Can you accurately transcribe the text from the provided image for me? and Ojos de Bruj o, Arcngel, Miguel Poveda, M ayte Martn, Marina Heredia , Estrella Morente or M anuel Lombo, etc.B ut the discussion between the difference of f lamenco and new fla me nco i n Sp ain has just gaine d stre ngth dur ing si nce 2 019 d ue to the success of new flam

---

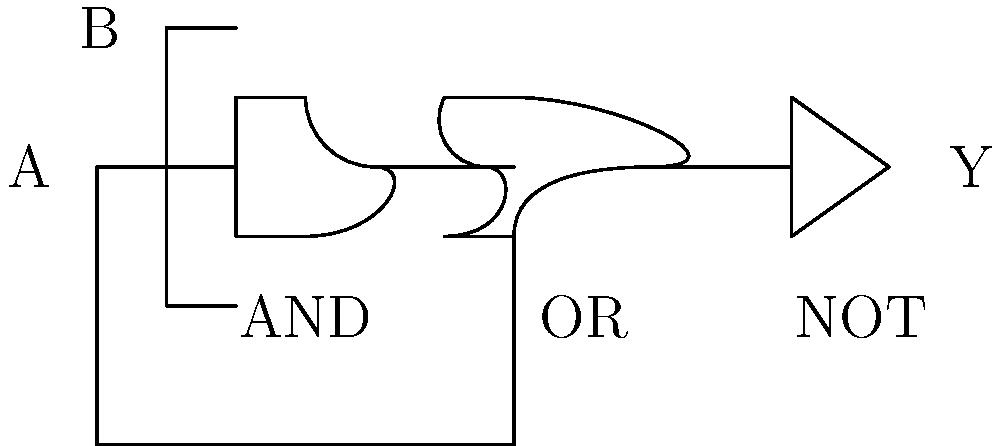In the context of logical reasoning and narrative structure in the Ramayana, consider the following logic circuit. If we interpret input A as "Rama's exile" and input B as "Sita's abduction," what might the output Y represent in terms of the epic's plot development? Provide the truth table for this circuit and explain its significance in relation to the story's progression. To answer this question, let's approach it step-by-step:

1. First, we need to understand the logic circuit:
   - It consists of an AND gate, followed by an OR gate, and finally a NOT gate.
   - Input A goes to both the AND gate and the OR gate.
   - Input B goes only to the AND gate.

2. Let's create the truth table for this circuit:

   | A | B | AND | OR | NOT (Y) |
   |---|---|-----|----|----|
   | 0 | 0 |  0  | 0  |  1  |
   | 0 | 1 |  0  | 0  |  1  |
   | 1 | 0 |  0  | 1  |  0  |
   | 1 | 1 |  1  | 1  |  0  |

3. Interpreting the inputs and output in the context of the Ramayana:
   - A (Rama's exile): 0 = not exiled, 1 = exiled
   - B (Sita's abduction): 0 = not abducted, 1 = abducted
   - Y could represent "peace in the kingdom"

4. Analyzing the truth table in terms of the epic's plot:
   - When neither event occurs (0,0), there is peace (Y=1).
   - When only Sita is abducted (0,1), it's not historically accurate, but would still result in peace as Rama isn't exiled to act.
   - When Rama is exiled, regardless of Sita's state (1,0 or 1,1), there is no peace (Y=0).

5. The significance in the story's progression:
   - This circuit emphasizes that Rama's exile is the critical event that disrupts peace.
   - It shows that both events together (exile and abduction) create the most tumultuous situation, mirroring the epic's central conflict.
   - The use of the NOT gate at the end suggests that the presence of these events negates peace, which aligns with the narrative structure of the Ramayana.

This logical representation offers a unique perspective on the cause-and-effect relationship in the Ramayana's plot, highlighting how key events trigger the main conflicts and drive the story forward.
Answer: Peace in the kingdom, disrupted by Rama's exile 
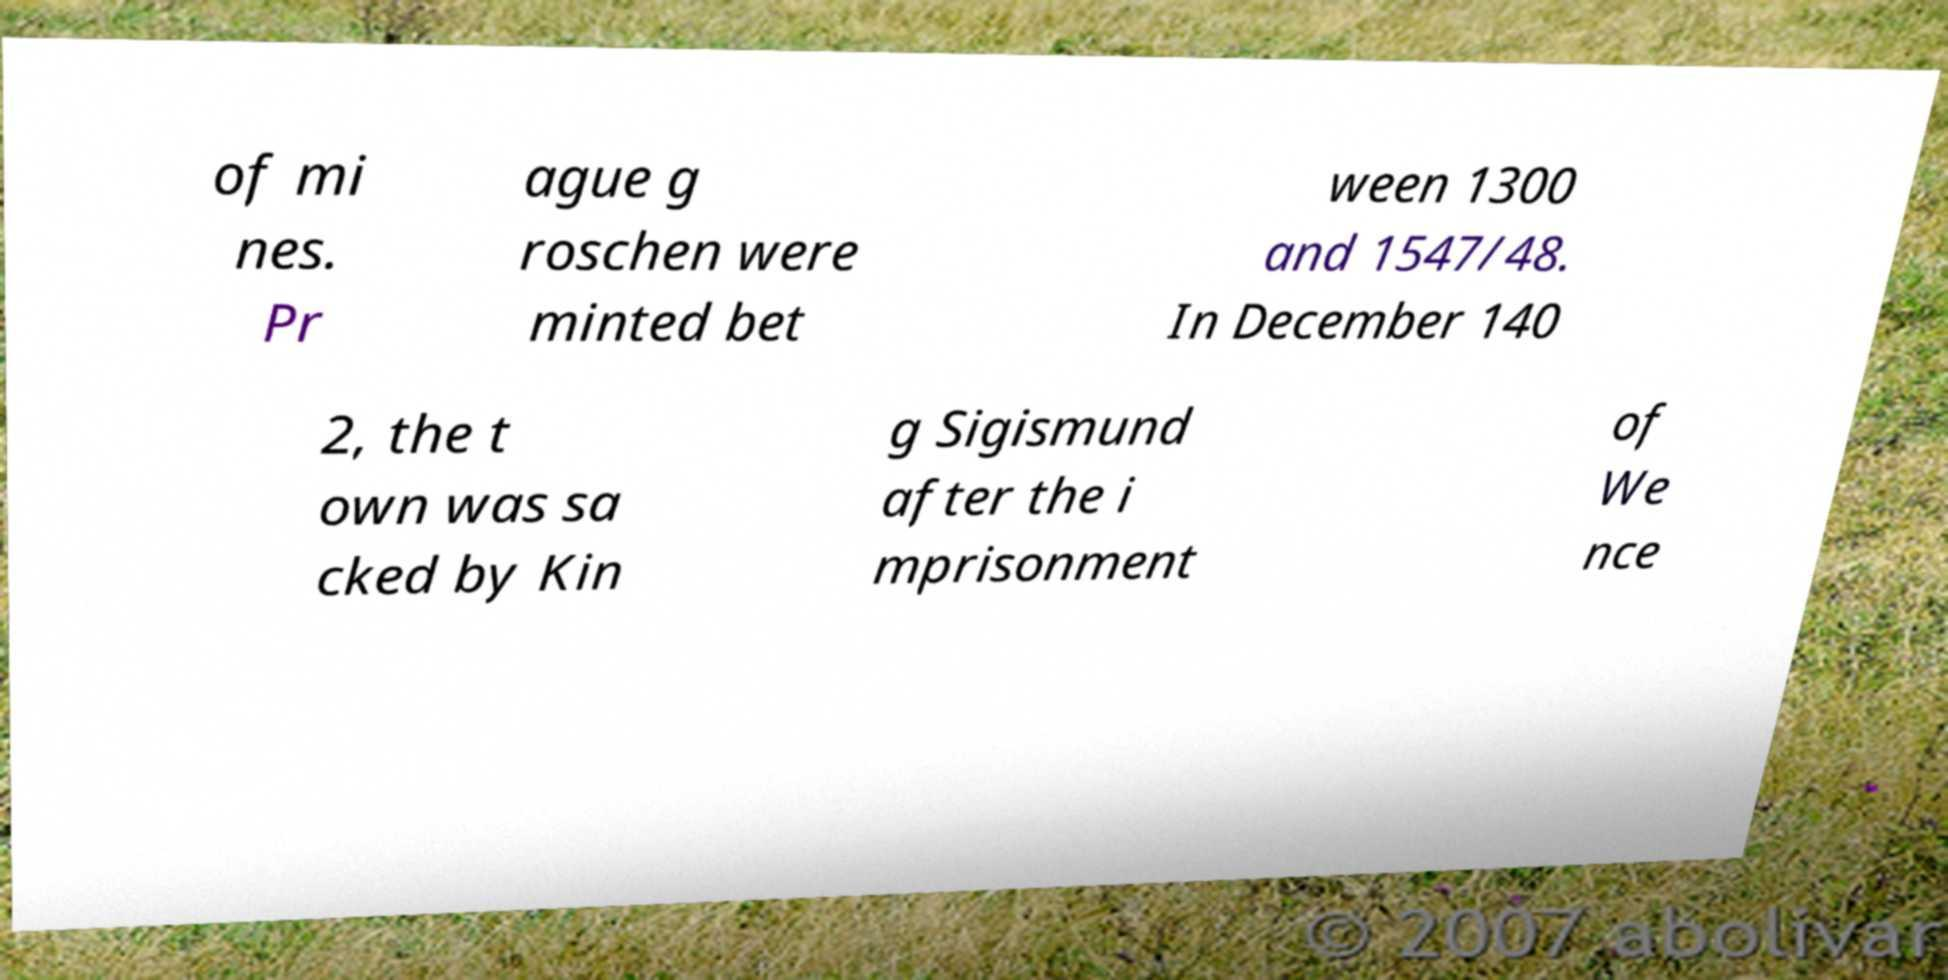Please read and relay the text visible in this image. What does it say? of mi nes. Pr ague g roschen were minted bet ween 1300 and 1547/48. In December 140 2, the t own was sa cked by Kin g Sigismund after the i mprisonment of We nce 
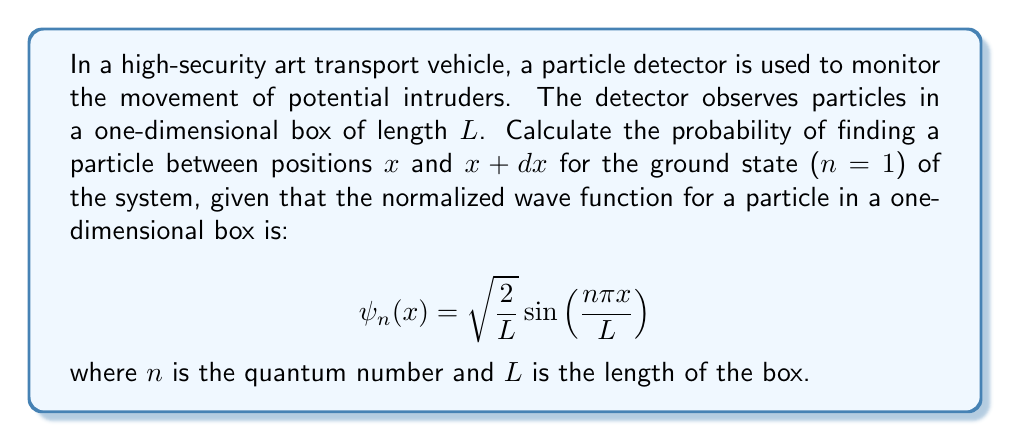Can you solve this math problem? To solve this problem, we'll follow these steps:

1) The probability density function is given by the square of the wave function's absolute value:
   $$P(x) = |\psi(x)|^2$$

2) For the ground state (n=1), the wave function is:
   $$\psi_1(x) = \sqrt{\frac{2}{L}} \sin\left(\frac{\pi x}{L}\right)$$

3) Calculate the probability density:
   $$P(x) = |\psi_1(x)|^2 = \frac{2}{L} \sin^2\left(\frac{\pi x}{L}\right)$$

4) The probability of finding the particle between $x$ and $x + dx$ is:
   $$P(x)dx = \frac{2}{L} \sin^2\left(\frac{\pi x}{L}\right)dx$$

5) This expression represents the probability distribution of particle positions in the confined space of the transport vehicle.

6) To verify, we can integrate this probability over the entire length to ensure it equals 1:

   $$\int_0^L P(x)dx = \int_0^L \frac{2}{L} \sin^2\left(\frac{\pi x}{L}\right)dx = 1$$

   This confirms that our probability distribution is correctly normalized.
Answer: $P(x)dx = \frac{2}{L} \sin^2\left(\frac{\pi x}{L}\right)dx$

---

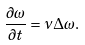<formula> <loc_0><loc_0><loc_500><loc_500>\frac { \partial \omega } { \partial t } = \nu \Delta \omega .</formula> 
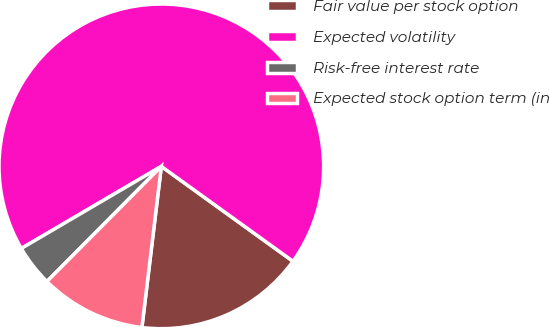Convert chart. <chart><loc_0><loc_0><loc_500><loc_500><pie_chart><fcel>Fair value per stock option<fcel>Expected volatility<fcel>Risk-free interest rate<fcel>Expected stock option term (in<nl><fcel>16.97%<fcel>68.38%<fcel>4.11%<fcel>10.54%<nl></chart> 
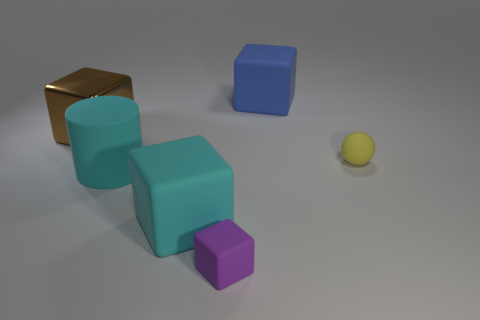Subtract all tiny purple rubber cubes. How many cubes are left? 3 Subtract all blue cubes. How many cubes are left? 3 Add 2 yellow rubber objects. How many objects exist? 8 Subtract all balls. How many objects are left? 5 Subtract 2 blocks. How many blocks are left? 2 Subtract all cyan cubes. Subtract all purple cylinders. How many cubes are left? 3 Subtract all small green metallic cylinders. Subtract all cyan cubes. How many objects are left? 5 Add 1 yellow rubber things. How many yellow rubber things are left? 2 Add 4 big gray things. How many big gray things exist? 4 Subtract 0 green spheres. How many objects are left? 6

**Task instructions**
All lines above from the line with "- B (Sita's" through the line with "- It shows that", both included, are to be set down exactly, with nothing else.

**Answer section**
   - B (Sita's abduction): 0 = not abducted, 1 = abducted
   - Y could represent "peace in the kingdom"

4. Analyzing the truth table in terms of the epic's plot:
   - When neither event occurs (0,0), there is peace (Y=1).
   - When only Sita is abducted (0,1), it's not historically accurate, but would still result in peace as Rama isn't exiled to act.
   - When Rama is exiled, regardless of Sita's state (1,0 or 1,1), there is no peace (Y=0).

5. The significance in the story's progression:
   - This circuit emphasizes that Rama's exile is the critical event that disrupts peace.
   - It shows that both events together (exile and abduction) create the most tumultuous situation, mirroring the epic's central conflict.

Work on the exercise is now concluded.